Using the data beneath, show every line that includes the word "terse".

[Items from a data source]
* * * * * * *

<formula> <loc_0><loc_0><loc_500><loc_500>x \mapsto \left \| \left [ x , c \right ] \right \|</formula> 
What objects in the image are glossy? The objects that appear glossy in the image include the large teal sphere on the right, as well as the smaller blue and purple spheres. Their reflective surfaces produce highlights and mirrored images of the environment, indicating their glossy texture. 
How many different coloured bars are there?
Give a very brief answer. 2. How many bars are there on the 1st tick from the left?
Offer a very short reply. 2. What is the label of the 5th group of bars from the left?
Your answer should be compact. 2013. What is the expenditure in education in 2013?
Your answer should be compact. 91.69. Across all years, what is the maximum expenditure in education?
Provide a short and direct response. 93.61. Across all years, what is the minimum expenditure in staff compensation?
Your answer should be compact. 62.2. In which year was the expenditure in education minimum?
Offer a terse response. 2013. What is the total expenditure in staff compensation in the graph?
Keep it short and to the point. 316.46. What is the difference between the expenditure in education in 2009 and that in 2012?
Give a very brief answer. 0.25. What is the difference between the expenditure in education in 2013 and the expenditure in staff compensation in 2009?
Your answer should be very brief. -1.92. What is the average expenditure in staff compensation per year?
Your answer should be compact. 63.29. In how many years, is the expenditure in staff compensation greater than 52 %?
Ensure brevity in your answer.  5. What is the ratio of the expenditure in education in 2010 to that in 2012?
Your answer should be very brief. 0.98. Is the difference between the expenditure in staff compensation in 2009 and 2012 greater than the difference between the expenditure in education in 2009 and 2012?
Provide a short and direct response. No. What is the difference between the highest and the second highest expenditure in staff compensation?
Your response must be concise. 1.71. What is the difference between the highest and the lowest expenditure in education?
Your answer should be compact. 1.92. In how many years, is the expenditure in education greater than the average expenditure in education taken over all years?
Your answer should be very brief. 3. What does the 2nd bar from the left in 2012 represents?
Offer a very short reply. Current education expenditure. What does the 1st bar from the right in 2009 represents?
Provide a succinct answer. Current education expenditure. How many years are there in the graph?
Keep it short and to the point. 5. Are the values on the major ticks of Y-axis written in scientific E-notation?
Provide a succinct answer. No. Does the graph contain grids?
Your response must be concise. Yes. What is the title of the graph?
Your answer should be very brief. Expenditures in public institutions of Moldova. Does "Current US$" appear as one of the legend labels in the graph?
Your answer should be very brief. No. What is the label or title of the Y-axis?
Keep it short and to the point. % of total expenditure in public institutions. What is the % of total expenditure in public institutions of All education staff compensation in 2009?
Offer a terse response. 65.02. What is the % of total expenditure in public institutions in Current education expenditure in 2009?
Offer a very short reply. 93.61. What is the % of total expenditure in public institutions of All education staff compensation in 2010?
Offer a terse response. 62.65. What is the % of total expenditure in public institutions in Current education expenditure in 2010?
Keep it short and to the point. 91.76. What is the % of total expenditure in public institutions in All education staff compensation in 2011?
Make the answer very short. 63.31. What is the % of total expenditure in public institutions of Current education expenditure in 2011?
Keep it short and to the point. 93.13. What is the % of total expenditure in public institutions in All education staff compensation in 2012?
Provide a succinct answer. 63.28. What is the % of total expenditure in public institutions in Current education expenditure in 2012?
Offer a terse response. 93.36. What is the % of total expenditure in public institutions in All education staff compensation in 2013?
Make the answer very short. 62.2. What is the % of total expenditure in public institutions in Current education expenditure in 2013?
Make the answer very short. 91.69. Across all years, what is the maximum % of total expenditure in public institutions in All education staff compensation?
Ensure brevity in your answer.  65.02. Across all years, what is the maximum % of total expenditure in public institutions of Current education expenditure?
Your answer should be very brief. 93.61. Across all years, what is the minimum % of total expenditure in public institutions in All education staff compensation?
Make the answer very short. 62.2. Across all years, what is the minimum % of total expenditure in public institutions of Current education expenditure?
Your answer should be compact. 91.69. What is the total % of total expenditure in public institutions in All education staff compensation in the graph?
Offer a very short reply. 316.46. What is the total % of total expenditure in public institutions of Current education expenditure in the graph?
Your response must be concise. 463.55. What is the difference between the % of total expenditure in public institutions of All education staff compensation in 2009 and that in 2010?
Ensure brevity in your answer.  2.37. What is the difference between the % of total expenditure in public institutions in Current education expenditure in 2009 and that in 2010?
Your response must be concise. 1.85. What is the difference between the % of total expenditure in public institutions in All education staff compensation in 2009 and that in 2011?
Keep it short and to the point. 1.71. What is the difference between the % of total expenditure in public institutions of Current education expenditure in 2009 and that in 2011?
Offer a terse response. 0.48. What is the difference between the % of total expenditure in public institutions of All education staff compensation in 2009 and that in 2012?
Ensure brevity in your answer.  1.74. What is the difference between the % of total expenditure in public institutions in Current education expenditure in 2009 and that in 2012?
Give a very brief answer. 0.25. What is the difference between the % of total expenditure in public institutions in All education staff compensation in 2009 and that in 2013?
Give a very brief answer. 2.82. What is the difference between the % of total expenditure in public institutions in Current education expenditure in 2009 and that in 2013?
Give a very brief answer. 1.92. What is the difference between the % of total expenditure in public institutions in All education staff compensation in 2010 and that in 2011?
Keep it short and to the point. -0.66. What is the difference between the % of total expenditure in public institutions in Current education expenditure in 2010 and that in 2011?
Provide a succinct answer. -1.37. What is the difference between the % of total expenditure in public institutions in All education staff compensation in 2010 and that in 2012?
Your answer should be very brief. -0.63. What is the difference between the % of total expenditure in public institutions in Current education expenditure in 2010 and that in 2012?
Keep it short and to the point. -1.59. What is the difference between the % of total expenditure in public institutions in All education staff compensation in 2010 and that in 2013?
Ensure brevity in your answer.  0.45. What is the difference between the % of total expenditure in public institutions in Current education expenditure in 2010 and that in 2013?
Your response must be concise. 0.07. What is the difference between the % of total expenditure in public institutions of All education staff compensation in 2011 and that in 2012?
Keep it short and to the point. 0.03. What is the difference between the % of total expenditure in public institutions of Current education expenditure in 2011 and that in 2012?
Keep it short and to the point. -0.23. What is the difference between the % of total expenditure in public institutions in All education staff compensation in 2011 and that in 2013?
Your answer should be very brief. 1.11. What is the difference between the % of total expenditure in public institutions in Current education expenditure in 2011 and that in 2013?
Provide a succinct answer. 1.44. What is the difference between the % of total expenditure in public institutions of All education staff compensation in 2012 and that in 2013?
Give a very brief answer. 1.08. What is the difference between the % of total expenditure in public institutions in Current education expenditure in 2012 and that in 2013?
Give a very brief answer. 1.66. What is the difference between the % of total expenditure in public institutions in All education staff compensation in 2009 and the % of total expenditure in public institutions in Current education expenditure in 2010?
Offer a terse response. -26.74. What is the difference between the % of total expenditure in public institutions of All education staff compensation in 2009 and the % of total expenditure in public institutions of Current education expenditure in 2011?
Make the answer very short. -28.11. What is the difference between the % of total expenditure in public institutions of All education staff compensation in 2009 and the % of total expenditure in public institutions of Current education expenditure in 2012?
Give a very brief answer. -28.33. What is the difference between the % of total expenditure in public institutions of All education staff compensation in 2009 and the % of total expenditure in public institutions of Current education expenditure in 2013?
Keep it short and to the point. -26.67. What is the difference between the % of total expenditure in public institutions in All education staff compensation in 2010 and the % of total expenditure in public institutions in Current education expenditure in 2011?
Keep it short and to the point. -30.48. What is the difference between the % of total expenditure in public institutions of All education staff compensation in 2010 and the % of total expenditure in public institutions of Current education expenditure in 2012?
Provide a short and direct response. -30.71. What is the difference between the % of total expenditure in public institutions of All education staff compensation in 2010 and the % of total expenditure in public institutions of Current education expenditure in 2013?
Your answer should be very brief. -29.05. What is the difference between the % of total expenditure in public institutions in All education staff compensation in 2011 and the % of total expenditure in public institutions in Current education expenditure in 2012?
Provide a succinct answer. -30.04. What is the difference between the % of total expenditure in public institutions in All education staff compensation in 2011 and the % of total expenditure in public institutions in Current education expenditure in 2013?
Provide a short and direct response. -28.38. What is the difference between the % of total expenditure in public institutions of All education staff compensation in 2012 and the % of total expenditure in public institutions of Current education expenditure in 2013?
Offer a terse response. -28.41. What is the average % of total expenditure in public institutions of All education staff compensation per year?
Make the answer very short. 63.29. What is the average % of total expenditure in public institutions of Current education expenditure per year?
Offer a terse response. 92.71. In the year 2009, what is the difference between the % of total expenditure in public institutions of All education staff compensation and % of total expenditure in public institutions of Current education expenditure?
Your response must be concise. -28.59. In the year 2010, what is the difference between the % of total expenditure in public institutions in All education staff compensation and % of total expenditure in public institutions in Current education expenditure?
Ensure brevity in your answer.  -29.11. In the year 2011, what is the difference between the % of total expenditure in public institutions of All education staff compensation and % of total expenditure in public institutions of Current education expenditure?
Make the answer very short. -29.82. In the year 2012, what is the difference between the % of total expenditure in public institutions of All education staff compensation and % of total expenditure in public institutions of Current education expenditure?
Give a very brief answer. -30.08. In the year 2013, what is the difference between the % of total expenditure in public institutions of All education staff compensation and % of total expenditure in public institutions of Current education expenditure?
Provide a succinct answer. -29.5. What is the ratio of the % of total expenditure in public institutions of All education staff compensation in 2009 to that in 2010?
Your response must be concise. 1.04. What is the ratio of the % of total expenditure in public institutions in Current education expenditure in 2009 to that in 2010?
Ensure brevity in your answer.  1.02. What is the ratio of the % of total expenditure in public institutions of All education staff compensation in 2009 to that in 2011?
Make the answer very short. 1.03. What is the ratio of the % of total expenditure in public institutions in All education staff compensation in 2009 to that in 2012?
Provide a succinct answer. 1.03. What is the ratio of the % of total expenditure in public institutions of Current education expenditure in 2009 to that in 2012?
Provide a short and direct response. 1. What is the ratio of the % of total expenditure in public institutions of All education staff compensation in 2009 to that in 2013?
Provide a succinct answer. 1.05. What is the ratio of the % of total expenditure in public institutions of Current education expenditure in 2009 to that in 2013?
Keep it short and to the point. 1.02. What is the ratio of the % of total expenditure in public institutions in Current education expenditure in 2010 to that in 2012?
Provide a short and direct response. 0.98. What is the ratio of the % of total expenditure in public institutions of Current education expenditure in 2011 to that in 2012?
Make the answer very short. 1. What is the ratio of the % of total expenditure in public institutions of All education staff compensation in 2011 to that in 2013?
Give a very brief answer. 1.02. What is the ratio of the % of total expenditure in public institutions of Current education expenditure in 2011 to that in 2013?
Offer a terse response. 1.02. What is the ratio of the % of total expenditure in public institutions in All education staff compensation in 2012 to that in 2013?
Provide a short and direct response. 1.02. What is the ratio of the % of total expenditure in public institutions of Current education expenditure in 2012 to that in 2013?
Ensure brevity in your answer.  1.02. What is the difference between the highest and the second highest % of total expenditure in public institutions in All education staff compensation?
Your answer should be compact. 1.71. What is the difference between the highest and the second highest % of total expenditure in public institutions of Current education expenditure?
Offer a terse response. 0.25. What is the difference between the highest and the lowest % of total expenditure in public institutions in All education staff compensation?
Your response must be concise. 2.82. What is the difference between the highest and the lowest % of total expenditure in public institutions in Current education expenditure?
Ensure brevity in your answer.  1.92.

* * * * * * *

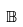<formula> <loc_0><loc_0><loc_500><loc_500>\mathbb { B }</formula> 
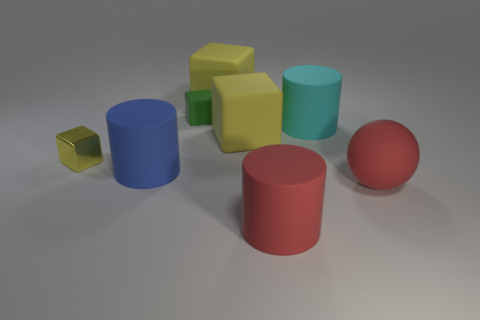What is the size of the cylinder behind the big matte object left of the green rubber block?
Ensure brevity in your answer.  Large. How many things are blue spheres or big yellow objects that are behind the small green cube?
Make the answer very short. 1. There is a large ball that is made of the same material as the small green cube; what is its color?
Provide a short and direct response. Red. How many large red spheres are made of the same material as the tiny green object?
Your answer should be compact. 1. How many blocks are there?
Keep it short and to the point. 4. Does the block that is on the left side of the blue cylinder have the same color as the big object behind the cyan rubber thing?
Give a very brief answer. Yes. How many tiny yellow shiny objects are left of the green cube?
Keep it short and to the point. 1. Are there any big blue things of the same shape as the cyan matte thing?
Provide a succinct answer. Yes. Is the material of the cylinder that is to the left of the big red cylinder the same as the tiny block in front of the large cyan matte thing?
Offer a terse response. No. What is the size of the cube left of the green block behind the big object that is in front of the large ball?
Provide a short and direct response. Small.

* * * * * * *

◆ Problem solution:
Offer a terse response. 2013. What is the total expenditure in staff compensation in the graph?
Offer a terse response. 65.02. What is the % of total expenditure in public institutions in Current education expenditure in 2009?
Offer a terse response. 62.65. What is the % of total expenditure in public institutions in Current education expenditure in 2010?
Offer a terse response. 93.36. What is the % of total expenditure in public institutions in All education staff compensation in 2013?
Offer a terse response. 0.48. What is the difference between the % of total expenditure in public institutions of All education staff compensation in 2009 and that in 2012?
Offer a terse response. -26.74. What is the difference between the % of total expenditure in public institutions of All education staff compensation in 2009 and the % of total expenditure in public institutions of Current education expenditure in 2011?
Offer a terse response. -28.41. What is the average % of total expenditure in public institutions of All education staff compensation per year?
Offer a terse response. 92.71. In the year 2009, what is the difference between the % of total expenditure in public institutions of All education staff compensation and % of total expenditure in public institutions of Current education expenditure?
Offer a terse response. 1.02. What is the ratio of the % of total expenditure in public institutions in All education staff compensation in 2012 to that in 2013?
Offer a terse response. 0.25. What is the difference between the highest and the lowest % of total expenditure in public institutions in All education staff compensation?
Offer a terse response. No. What is the size of the cube left of the green block behind the big object that is in front of the large ball?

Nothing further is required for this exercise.